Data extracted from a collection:
******

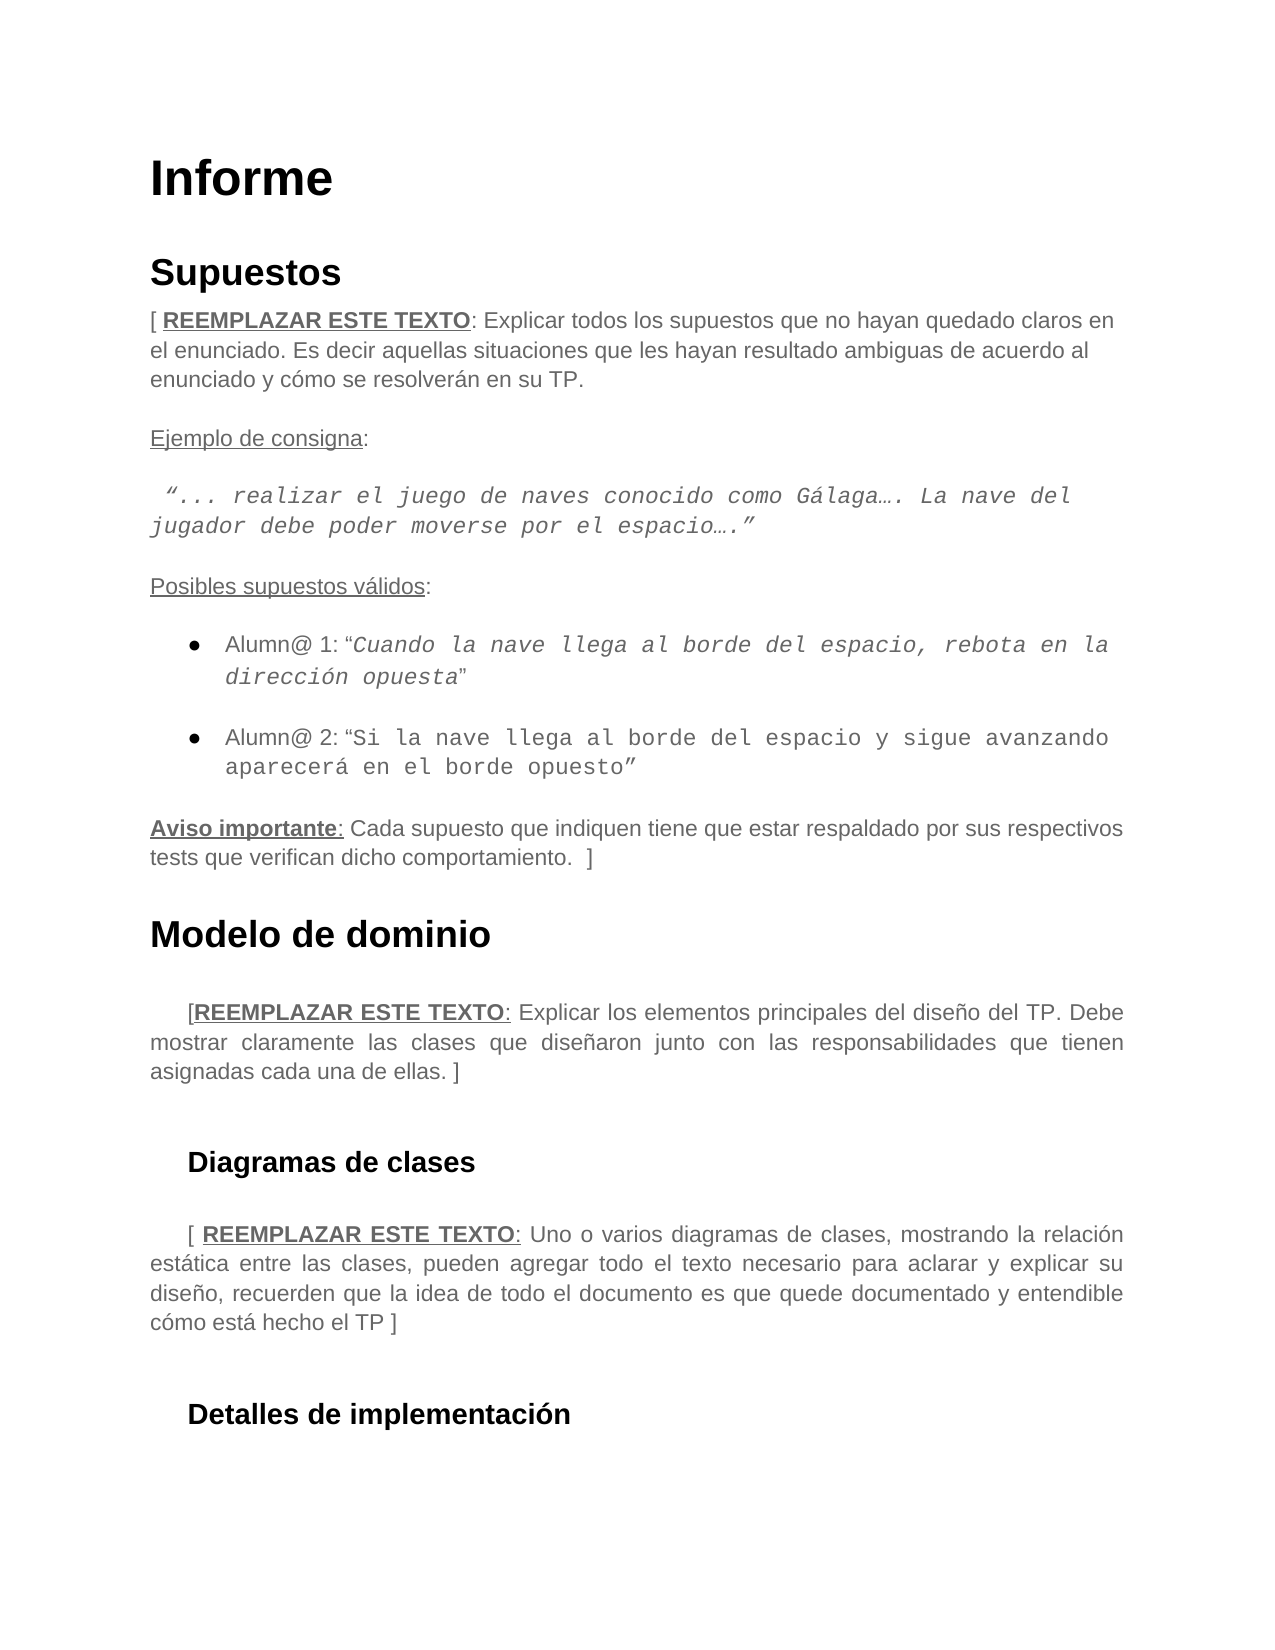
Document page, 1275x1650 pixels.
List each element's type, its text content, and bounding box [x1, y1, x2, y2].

text [ REEMPLAZAR ESTE TEXTO: Uno o varios diagramas de clases, mostrando la relación estática entre las clases, pueden agregar todo el texto necesario para aclarar y explicar su diseño, recuerden que la idea de todo el documento es que quede documentado y entendible cómo está hecho el TP ] [150, 1222, 1125, 1335]
subtitle Detalles de implementación [150, 1398, 1125, 1430]
text Posibles supuestos válidos: [150, 573, 1125, 599]
list Alumn@ 2: “Si la nave llega al borde del espacio y sigue avanzando aparecerá en el borde opuesto” [187, 724, 1125, 782]
subtitle Supuestos [150, 252, 1125, 293]
text Aviso importante: Cada supuesto que indiquen tiene que estar respaldado por sus respectivos tests que verifican dicho comportamiento. ] [150, 815, 1125, 872]
subtitle Diagramas de clases [150, 1146, 1125, 1179]
text Ejemplo de consigna: [150, 426, 1125, 451]
subtitle Informe [150, 150, 1125, 206]
list Alumn@ 1: “Cuando la nave llega al borde del espacio, rebota en la dirección opuesta” [187, 632, 1125, 721]
text [REEMPLAZAR ESTE TEXTO: Explicar los elementos principales del diseño del TP. Debe mostrar claramente las clases que diseñaron junto con las responsabilidades que tienen asignadas cada una de ellas. ] [150, 1000, 1125, 1084]
text [ REEMPLAZAR ESTE TEXTO: Explicar todos los supuestos que no hayan quedado claros en el enunciado. Es decir aquellas situaciones que les hayan resultado ambiguas de acuerdo al enunciado y cómo se resolverán en su TP. [150, 308, 1125, 392]
subtitle Modelo de dominio [150, 914, 1125, 956]
text “... realizar el juego de naves conocido como Gálaga…. La nave del jugador debe poder moverse por el espacio….” [150, 484, 1125, 540]

******

ACTIVITY.
Every line above is to be returned exactly, with its pictures removed.

WRITTEN ANSWER.
Document page, 1275x1650 pixels.
List each element's type, its text content, and bounding box [x1, y1, x2, y2].

text [ REEMPLAZAR ESTE TEXTO: Uno o varios diagramas de clases, mostrando la relación estática entre las clases, pueden agregar todo el texto necesario para aclarar y explicar su diseño, recuerden que la idea de todo el documento es que quede documentado y entendible cómo está hecho el TP ] [150, 1222, 1125, 1335]
subtitle Detalles de implementación [150, 1398, 1125, 1430]
text Posibles supuestos válidos: [150, 573, 1125, 599]
list Alumn@ 2: “Si la nave llega al borde del espacio y sigue avanzando aparecerá en el borde opuesto” [187, 724, 1125, 782]
subtitle Supuestos [150, 252, 1125, 293]
text Aviso importante: Cada supuesto que indiquen tiene que estar respaldado por sus respectivos tests que verifican dicho comportamiento. ] [150, 815, 1125, 872]
subtitle Diagramas de clases [150, 1146, 1125, 1179]
text Ejemplo de consigna: [150, 426, 1125, 451]
subtitle Informe [150, 150, 1125, 206]
list Alumn@ 1: “Cuando la nave llega al borde del espacio, rebota en la dirección opuesta” [187, 632, 1125, 721]
text [REEMPLAZAR ESTE TEXTO: Explicar los elementos principales del diseño del TP. Debe mostrar claramente las clases que diseñaron junto con las responsabilidades que tienen asignadas cada una de ellas. ] [150, 1000, 1125, 1084]
text [ REEMPLAZAR ESTE TEXTO: Explicar todos los supuestos que no hayan quedado claros en el enunciado. Es decir aquellas situaciones que les hayan resultado ambiguas de acuerdo al enunciado y cómo se resolverán en su TP. [150, 308, 1125, 392]
subtitle Modelo de dominio [150, 914, 1125, 956]
text “... realizar el juego de naves conocido como Gálaga…. La nave del jugador debe poder moverse por el espacio….” [150, 484, 1125, 540]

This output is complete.